What's every ones favorite deer and why.Mine's mulies i don't like sittin in one spot to long i like spot and stalk and being able to shoot 3 bucks in a seaon doesn't hurt


----------



## headhunter (Oct 10, 2002)

Spot and stalk Whitetail Bucks


----------



## BigDaddy (Mar 4, 2002)

I like stand hunting for whitetails. If folks want to find me during bowhunting season, hit the woods and keep looking up.


----------



## GooseBuster3 (Mar 1, 2002)

Spot and stalk muley hunting!! Man I love it!!


----------



## dblkluk (Oct 3, 2002)

Right On Goosebuster!! :beer:


----------



## buckseye (Dec 8, 2003)

I must admit I hunt the elusive whitetail everyday, I just don't get to shoot them untill season. I am usually fully prepared to go after a mature buck by the time season rolls around. I am fussy and like to hunt an individual deer untill I succeed or fail.

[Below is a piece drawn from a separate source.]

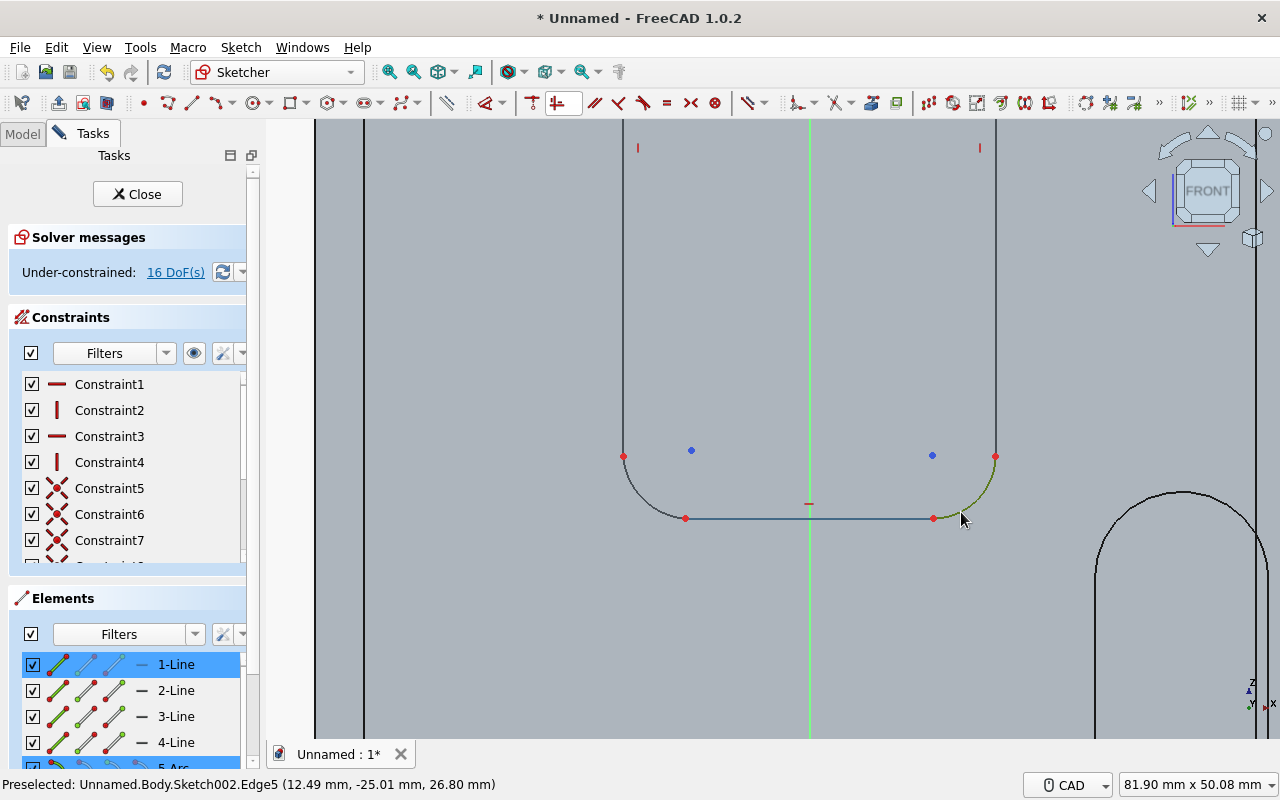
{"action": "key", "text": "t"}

We killed and ate alot of muleys back when I worked in the oil patch, still got a sheepy taste in my mouth I think!!


----------



## goose killer (Mar 26, 2004)

I like to walk shelter belts, crp, and sloughs to shoot whitetails. I also like to sit in a riverbottom and wait for the big whitetails to walkout.


----------



## SDBowman (Sep 28, 2004)

I can't get enough of hunting mule deer or whitetails. Each animal offers different opportunities for different success.


----------



## Sasha and Abby (May 11, 2004)

Whitetails... are there any other kind of deer??? Much better to eat and a big one is the hardest animal in N. America to kill.


----------



## Goldy's Pal (Jan 6, 2004)

Corn fed GIANT Whitetail bucks. Bowhunting from my treestands in thick cover just yards from food, water, and sleep. Doesn't get much better than that.
:beer:


----------



## Ryan.Anderson (Oct 12, 2004)

Muleys are the way to go if you know where the giants sleep. I have that opportunity due to my family. Last year I stuck a 36 inch wide muley right in the shoulder blade and never found him. He was less then ten yards but way below me. I've don't know what the ND record is, but that had to be right there with it. The fact that there were two other deer over 30 inches with him didn't help. I was shaking like you wouldn't believe because I was that excited and that messed me up on the shot. The deer survived thank the all mighty. My family and I have been hunting those deer for two years now and thats the only shot we've gott'n. I'm heading out today in less than an hour to go find that big ol popeye. It doesn't matter how big of a whitetail runs in front of me, my heart is set on those massive horned muleys that seem to stand on the skyline everynight and taunt me. I will get my monster someday, and it doesn't hurt that I drew a rifle tag out there this year for the muley buck. Wish me luck with calming my nerves when standing that close to the monster, cause I'll need all the help I can get.


----------